(THE RECORDS)

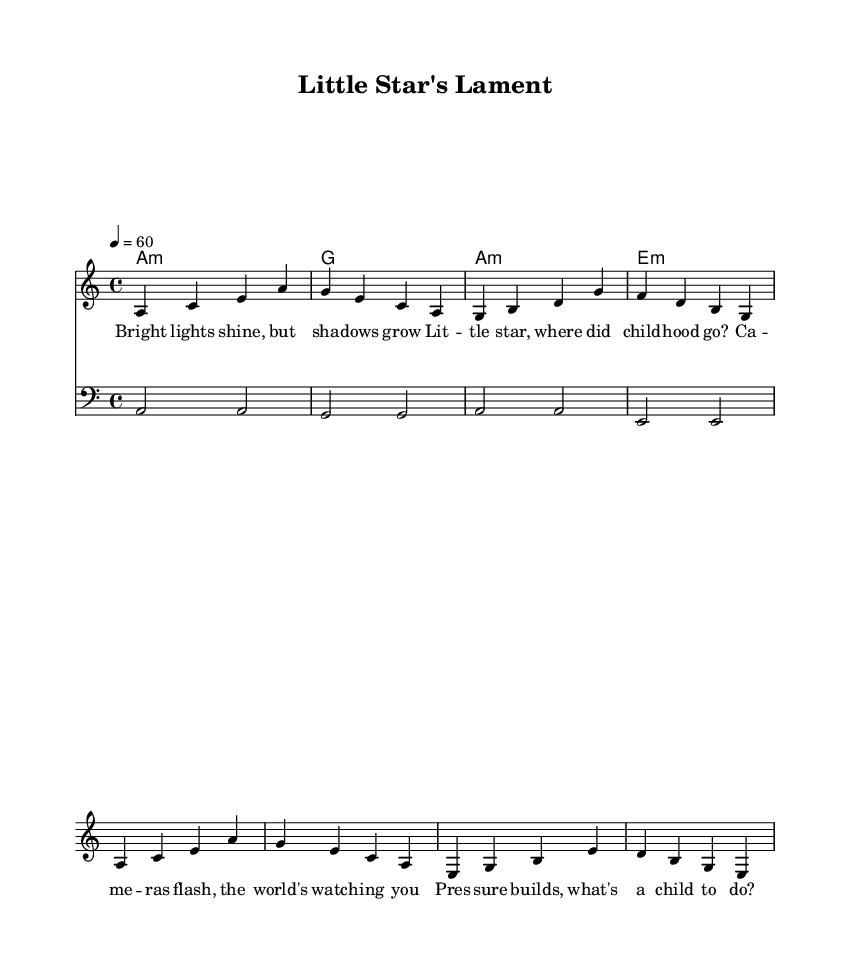What is the key signature of this music? The key signature is indicated at the beginning of the piece, which shows one flat (B). This means the key is A minor because it has no sharps or flats affecting the notes in the scale except for E.
Answer: A minor What is the time signature of this music? The time signature is presented at the beginning of the staff and is written as "4/4," which indicates a common time signature with four beats in each measure.
Answer: 4/4 What is the tempo marking of this piece? The tempo marking is provided within the score as "4 = 60." This indicates the speed at which the piece should be played, specifically that there are 60 quarter-note beats per minute.
Answer: 60 How many measures are in the melody? The melody section is visually divided into measures indicated by vertical lines. Counting these lines reveals that there are four measures in total.
Answer: Four What are the first two notes of the melody? The first two notes can be identified at the start of the melody. They are "a" and "c," which are located in the first measure.
Answer: A and C Which chord is played in the first measure? The chord played in the first measure is indicated in the chord mode section and shows an "A minor" chord, which corresponds with the melody notes played.
Answer: A minor What theme does the lyric text explore? The lyrics express themes of pressure and lost childhood in the context of fame, capturing the emotional weight of being in the spotlight at a young age.
Answer: Fame and pressure 
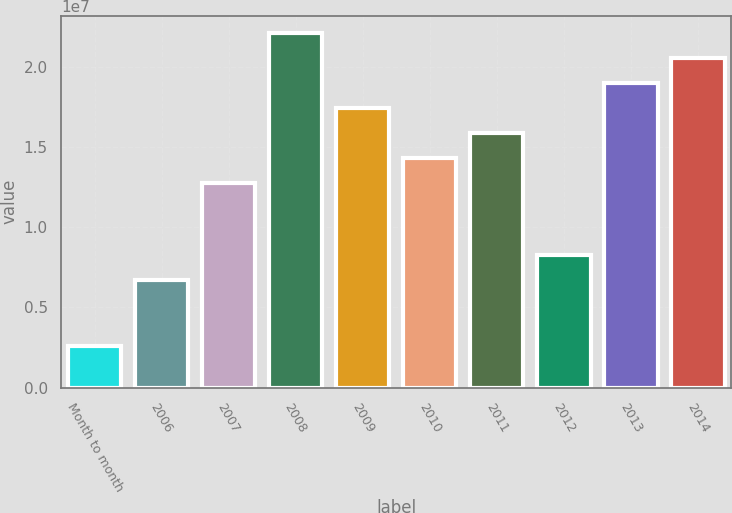Convert chart. <chart><loc_0><loc_0><loc_500><loc_500><bar_chart><fcel>Month to month<fcel>2006<fcel>2007<fcel>2008<fcel>2009<fcel>2010<fcel>2011<fcel>2012<fcel>2013<fcel>2014<nl><fcel>2.578e+06<fcel>6.702e+06<fcel>1.2787e+07<fcel>2.20924e+07<fcel>1.74397e+07<fcel>1.43379e+07<fcel>1.58888e+07<fcel>8.2529e+06<fcel>1.89906e+07<fcel>2.05415e+07<nl></chart> 
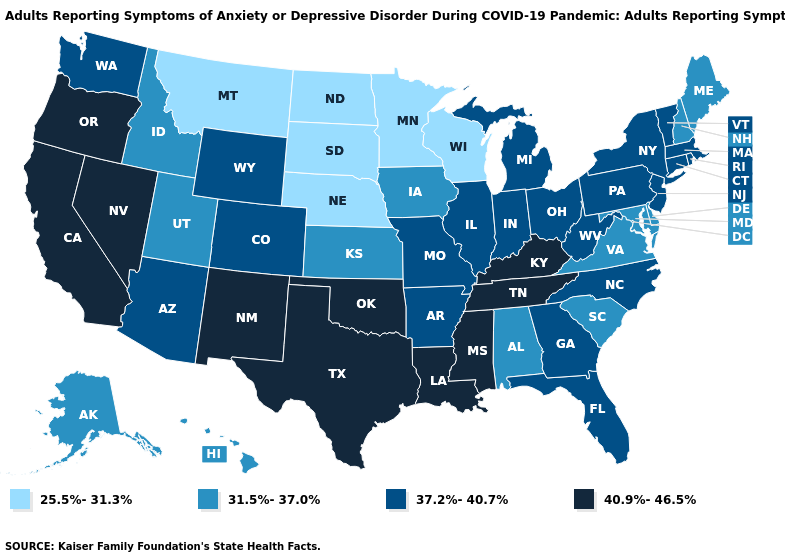What is the highest value in the West ?
Be succinct. 40.9%-46.5%. What is the value of Wisconsin?
Short answer required. 25.5%-31.3%. What is the lowest value in states that border Michigan?
Be succinct. 25.5%-31.3%. Does the first symbol in the legend represent the smallest category?
Short answer required. Yes. Does Oregon have the same value as Nevada?
Quick response, please. Yes. Which states have the lowest value in the South?
Give a very brief answer. Alabama, Delaware, Maryland, South Carolina, Virginia. What is the value of Alaska?
Answer briefly. 31.5%-37.0%. Does the first symbol in the legend represent the smallest category?
Keep it brief. Yes. What is the value of Oregon?
Keep it brief. 40.9%-46.5%. Name the states that have a value in the range 31.5%-37.0%?
Write a very short answer. Alabama, Alaska, Delaware, Hawaii, Idaho, Iowa, Kansas, Maine, Maryland, New Hampshire, South Carolina, Utah, Virginia. What is the lowest value in states that border Nebraska?
Quick response, please. 25.5%-31.3%. What is the value of Ohio?
Keep it brief. 37.2%-40.7%. Name the states that have a value in the range 31.5%-37.0%?
Answer briefly. Alabama, Alaska, Delaware, Hawaii, Idaho, Iowa, Kansas, Maine, Maryland, New Hampshire, South Carolina, Utah, Virginia. Name the states that have a value in the range 25.5%-31.3%?
Write a very short answer. Minnesota, Montana, Nebraska, North Dakota, South Dakota, Wisconsin. Which states have the lowest value in the USA?
Quick response, please. Minnesota, Montana, Nebraska, North Dakota, South Dakota, Wisconsin. 
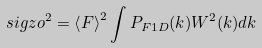<formula> <loc_0><loc_0><loc_500><loc_500>\ s i g z o ^ { 2 } = \left < F \right > ^ { 2 } \int P _ { F 1 D } ( k ) W ^ { 2 } ( k ) d k</formula> 
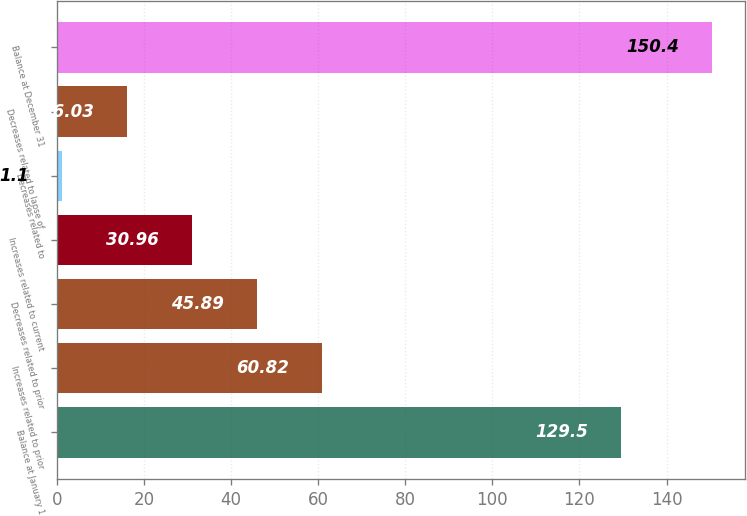<chart> <loc_0><loc_0><loc_500><loc_500><bar_chart><fcel>Balance at January 1<fcel>Increases related to prior<fcel>Decreases related to prior<fcel>Increases related to current<fcel>Decreases related to<fcel>Decreases related to lapse of<fcel>Balance at December 31<nl><fcel>129.5<fcel>60.82<fcel>45.89<fcel>30.96<fcel>1.1<fcel>16.03<fcel>150.4<nl></chart> 
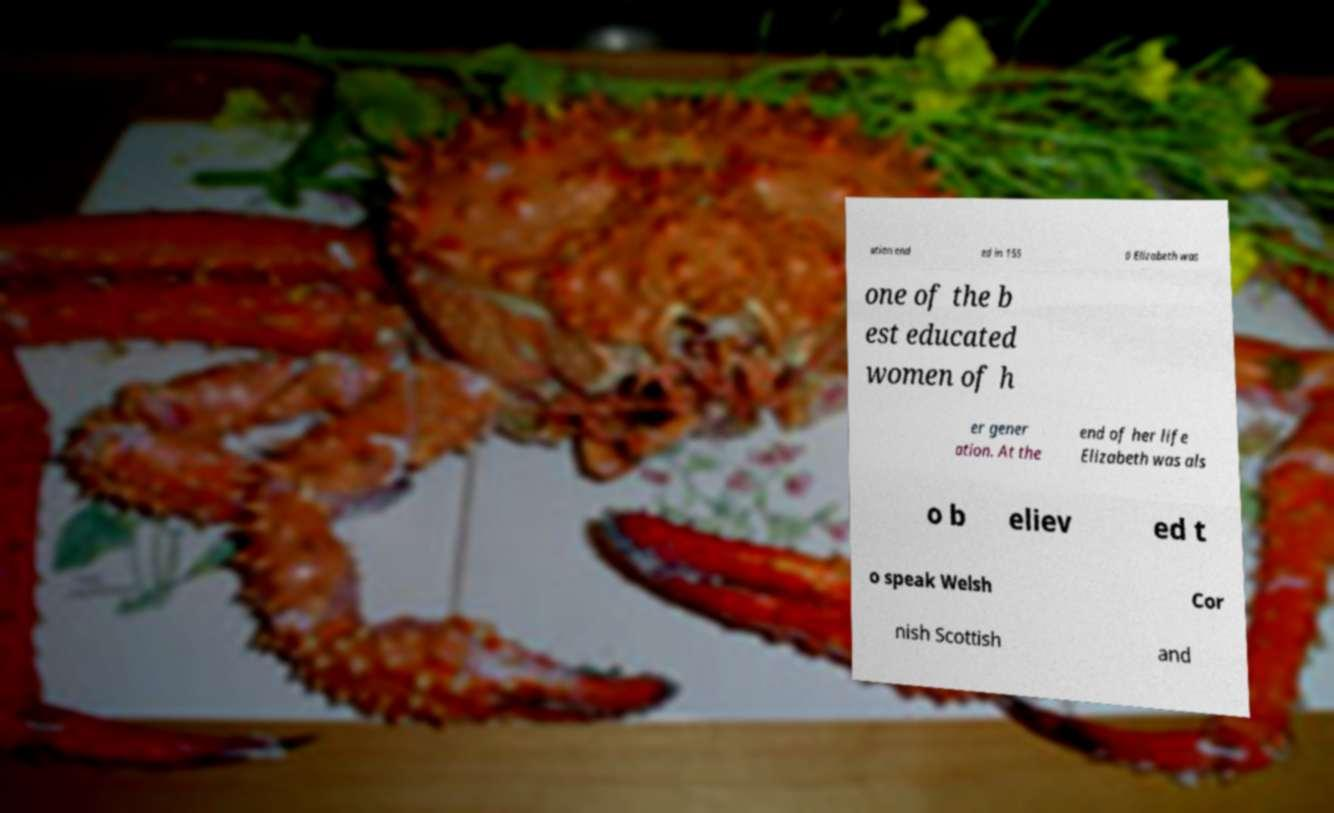Can you accurately transcribe the text from the provided image for me? ation end ed in 155 0 Elizabeth was one of the b est educated women of h er gener ation. At the end of her life Elizabeth was als o b eliev ed t o speak Welsh Cor nish Scottish and 
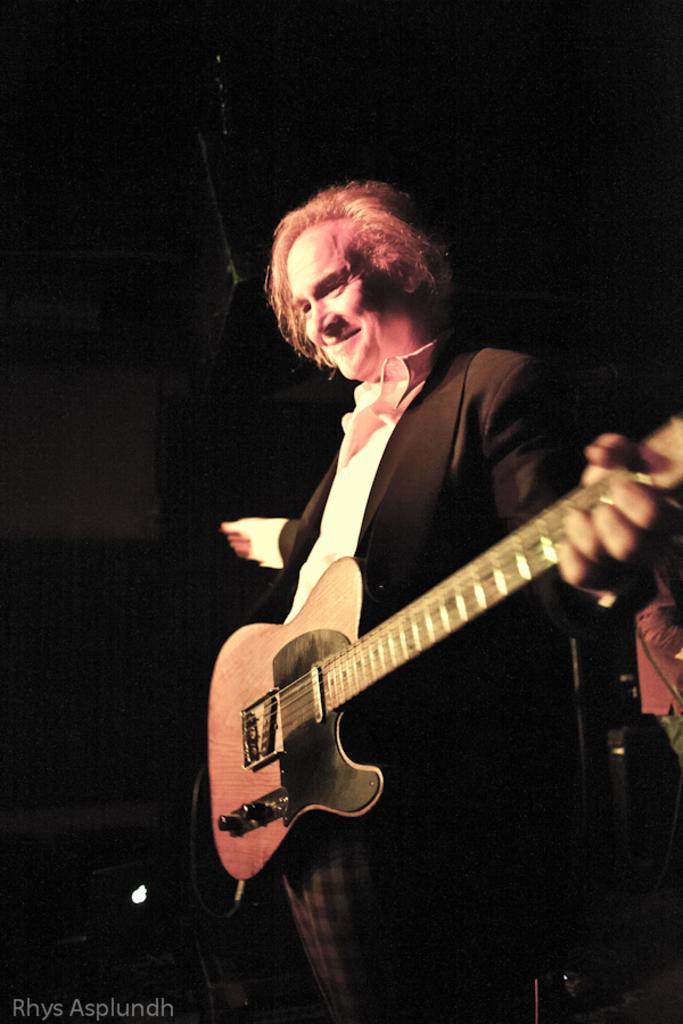In one or two sentences, can you explain what this image depicts? In this picture we have a man standing and holding a guitar. 
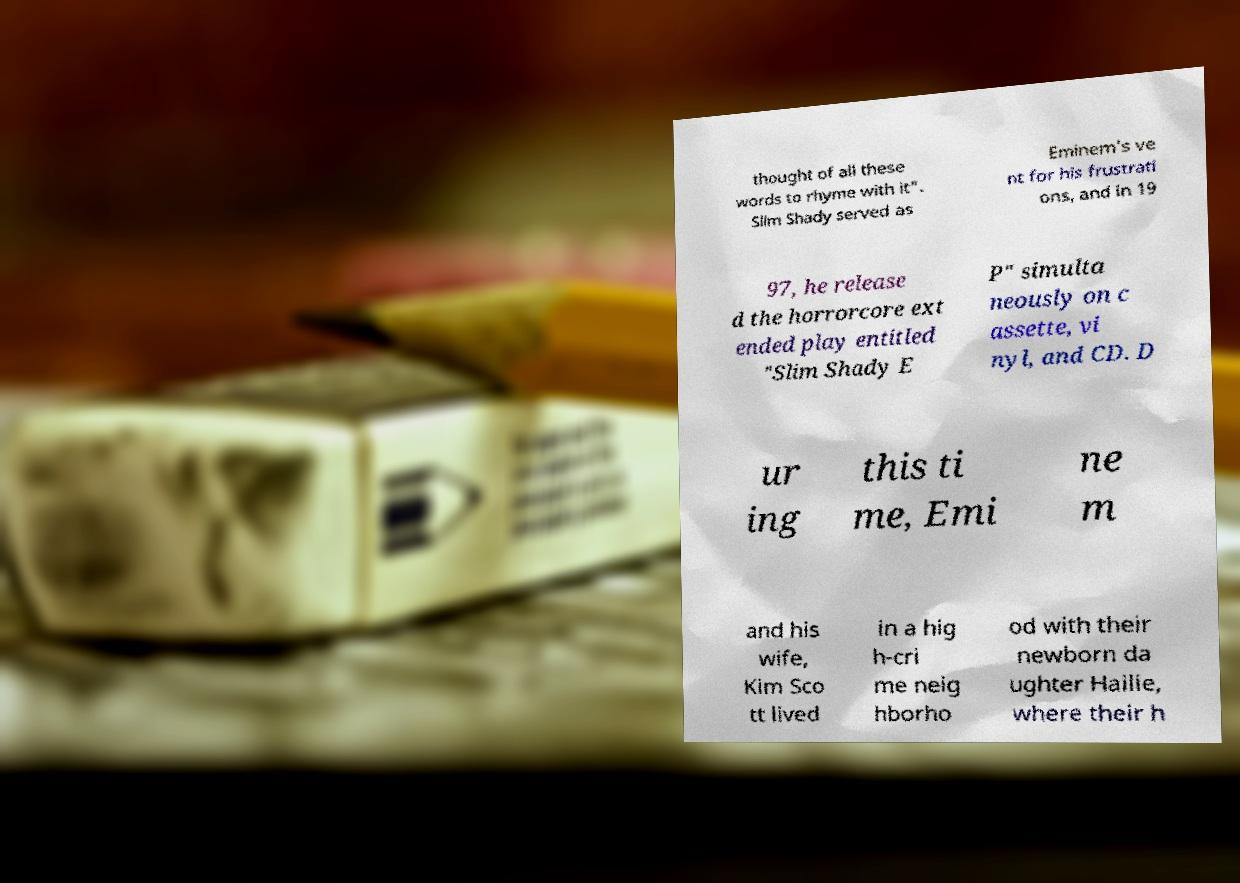Please identify and transcribe the text found in this image. thought of all these words to rhyme with it". Slim Shady served as Eminem's ve nt for his frustrati ons, and in 19 97, he release d the horrorcore ext ended play entitled "Slim Shady E P" simulta neously on c assette, vi nyl, and CD. D ur ing this ti me, Emi ne m and his wife, Kim Sco tt lived in a hig h-cri me neig hborho od with their newborn da ughter Hailie, where their h

(End THE RECORDS)

After locating the line containing "Keep it brief. Yes." in the entries above, return it and every line after it exactly, ending at the line containing "In one or two", without pictures.

RESPONSE TO THE TASK
Keep it brief. Yes. What is the value of Oregon?
Keep it brief. 40.9%-46.5%. Name the states that have a value in the range 31.5%-37.0%?
Write a very short answer. Alabama, Alaska, Delaware, Hawaii, Idaho, Iowa, Kansas, Maine, Maryland, New Hampshire, South Carolina, Utah, Virginia. What is the lowest value in states that border Nebraska?
Quick response, please. 25.5%-31.3%. What is the value of Ohio?
Keep it brief. 37.2%-40.7%. Name the states that have a value in the range 31.5%-37.0%?
Answer briefly. Alabama, Alaska, Delaware, Hawaii, Idaho, Iowa, Kansas, Maine, Maryland, New Hampshire, South Carolina, Utah, Virginia. Name the states that have a value in the range 25.5%-31.3%?
Write a very short answer. Minnesota, Montana, Nebraska, North Dakota, South Dakota, Wisconsin. Which states have the lowest value in the USA?
Quick response, please. Minnesota, Montana, Nebraska, North Dakota, South Dakota, Wisconsin. 
<formula> <loc_0><loc_0><loc_500><loc_500>\ s i g z o ^ { 2 } = \left < F \right > ^ { 2 } \int P _ { F 1 D } ( k ) W ^ { 2 } ( k ) d k</formula> 
<chart> <loc_0><loc_0><loc_500><loc_500><bar_chart><fcel>Balance at January 1<fcel>Increases related to prior<fcel>Decreases related to prior<fcel>Increases related to current<fcel>Decreases related to<fcel>Decreases related to lapse of<fcel>Balance at December 31<nl><fcel>129.5<fcel>60.82<fcel>45.89<fcel>30.96<fcel>1.1<fcel>16.03<fcel>150.4<nl></chart> 
Can you accurately transcribe the text from the provided image for me? ation end ed in 155 0 Elizabeth was one of the b est educated women of h er gener ation. At the end of her life Elizabeth was als o b eliev ed t o speak Welsh Cor nish Scottish and 
In one or two sentences, can you explain what this image depicts? In this picture we have a man standing and holding a guitar. 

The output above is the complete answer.